Alexander virou a cabeça para o outro lado.
— Onde vocês estão?
Um pequeno facho de luz mostrava uma saída, havia alguém em meio a escuridão. A mulher caminhava lentamente com uma criança no colo.
— Nicky, me espere! — Ele correu atrás dela. — Quero ver a Jullie.
Tentou se aproximar, mas um abraço esmagador o puxou para longe. Em poucos segundos, Alexander levantou da cama desnorteado e saiu às pressas do quarto na casa luxuosa onde os pais residiam em São Conrado, na Zona Sul do Rio de Janeiro. Andou pelo tapete vermelho que se estendia até a beira da escada.
Nicole saiu da suíte de Sophie e seguiu distraída por entre as paredes cobertas por um papel arabesco. A pele viçosa brilhava com a luz suave, ela parecia bem mais nova. Alisou a barriga enorme e abaixou a cabeça enquanto mexia no iPod.
— Nicky, cuidado com a escada! — Gritou a voz rouca.
Os olhos claros não acreditaram no que viram, Sophie saiu do quarto em passos lentos.
— Sophie, deixe-a em paz!
O corredor ficou escuro logo depois que Alexander tropeçou e caiu. Tentou se levantar e correu o mais rápido que podia. A matriarca desapareceu.
— Não, não, não! — gritou assim que viu o corpo de Nicole jogado ao chão perto da escada. — Nicky!
Alexander sentiu duas mãos tocarem em suas costas, o corpo rolou pela madeira lisa até parar no último degrau, Nicole não estava lá.
A mente estava confusa, olhou à volta conforme as luzes acendiam uma por uma. Abriu a porta do quarto frio onde uma mulher dormia serenamente. Havia a sombra de um homem com uma expressão tenebrosa perto da janela.

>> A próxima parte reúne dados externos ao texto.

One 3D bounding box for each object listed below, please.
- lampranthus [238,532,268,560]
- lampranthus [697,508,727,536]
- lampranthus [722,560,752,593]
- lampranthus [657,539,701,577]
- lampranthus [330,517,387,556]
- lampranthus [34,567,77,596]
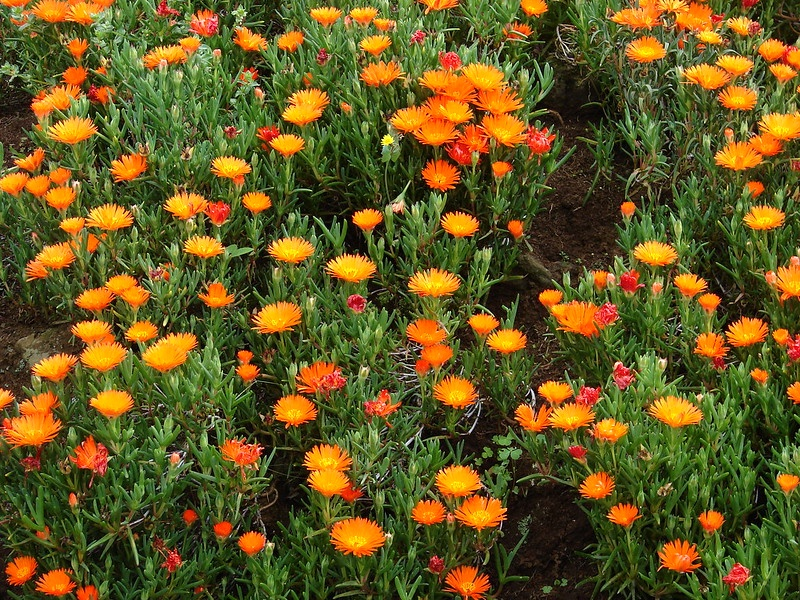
[{"bbox_3d":[-0.450,0.753,2.416,0.072,0.037,0.083,18,62,11],"label":"lampranthus"},{"bbox_3d":[0.937,0.654,2.379,0.063,0.069,0.069,23,99,1],"label":"lampranthus"},{"bbox_3d":[0.950,0.772,2.237,0.079,0.102,0.036,13,38,-7],"label":"lampranthus"},{"bbox_3d":[0.823,0.752,2.298,0.105,0.049,0.108,-26,33,-20],"label":"lampranthus"},{"bbox_3d":[-0.123,0.706,2.350,0.119,0.057,0.126,3,21,-20],"label":"lampranthus"},{"bbox_3d":[-1.032,0.835,2.337,0.094,0.095,0.050,37,104,34],"label":"lampranthus"}]

— Vá embora, Marcello! — disse com um tom frio.
Alexander parou do outro lado da cama, o rosto dela estava ferido e a cabeça enfaixada. Os dedos esguios se aproximaram da pele lisa, as luzes apagaram.
As mãos compridas estavam apoiadas ao volante, Alexander dirigia por uma avenida calma. Nessa noite a chuva batia com força contra o vidro do carro, ele acionou o botão do limpador do para-brisa quando o farol iluminou a moça que foi jogada em frente ao automóvel. Puxou o freio de mão assim que avistou os olhos amendoados. Alexander saiu às pressas do carro, Joanna estava abaixada próximo à sobrinha e gritava por socorro.
— Saía de perto dela! — ordenou a voz barítona.
Uma luz branca forçou Alexander a esconder os olhos, o automóvel desgovernado jogou o corpo do homem comprido para longe.
Em certo momento, ele ergueu a cabeça e olhou à volta, estava em casa. O sotaque de Josephiné guiou Alexander até a porta da cozinha. A expressão pétrea encarou a bela mulher de rosto oblongo que apontava uma arma de fogo para Nicole. Dessa vez, ele não permitiria que a machucasse, de novo.
— Não faça isso, Josephiné!
Ele foi até a mulher que não parava de gargalhar, o barulho do tiro fez Alexander recuar. O corpo de Nicole caiu do outro lado do balcão de madeira branca.
— Nickyyyy!
As luzes piscavam enquanto ele corria para o outro lado. A visão oscilava, não conseguia encontrá-la.
A mente não distinguia ilusão e realidade. Diversas mãos o seguravam e tentavam contê-lo.
— Me soltem! — bradou em meio ao desespero
Alexander jogou um dos médicos para longe quando sentou na cama e afastou a enfermeira com o outro braço. Tirou a máscara de oxigênio, os lábios expulsaram um jato gosmento na blusa azul da senhora de meia-idade que tentava acalmá-lo.
— Tenho que salvar a minha esposa.
Alexander arrancou o acesso venoso do braço e puxou o oxímetro do dedo indicador.
— Aplique 1,0 mg de Alprazolam — pediu o neuro à técnica de enfermagem.
Alexander puxou os lençóis e tentou se mover, porém, as pernas não se mexeram. Lutou em vão contra os braços do enfermeiro que o prendeu contra a cama. Gradualmente, o corpo relaxava após a medicação.
— Avise aos familiares que o doutor Bittencourt acordou — solicitou o médico.
O homem calvo e atarracado ajeitou o jaleco branco e olhou com curiosidade o paciente que adormecia. Estava certo que Alexander viveria em estado vegetativo ou talvez não recordasse de nada do que aconteceu nos últimos anos; entretanto, aquele homem era um caso raro de medicina.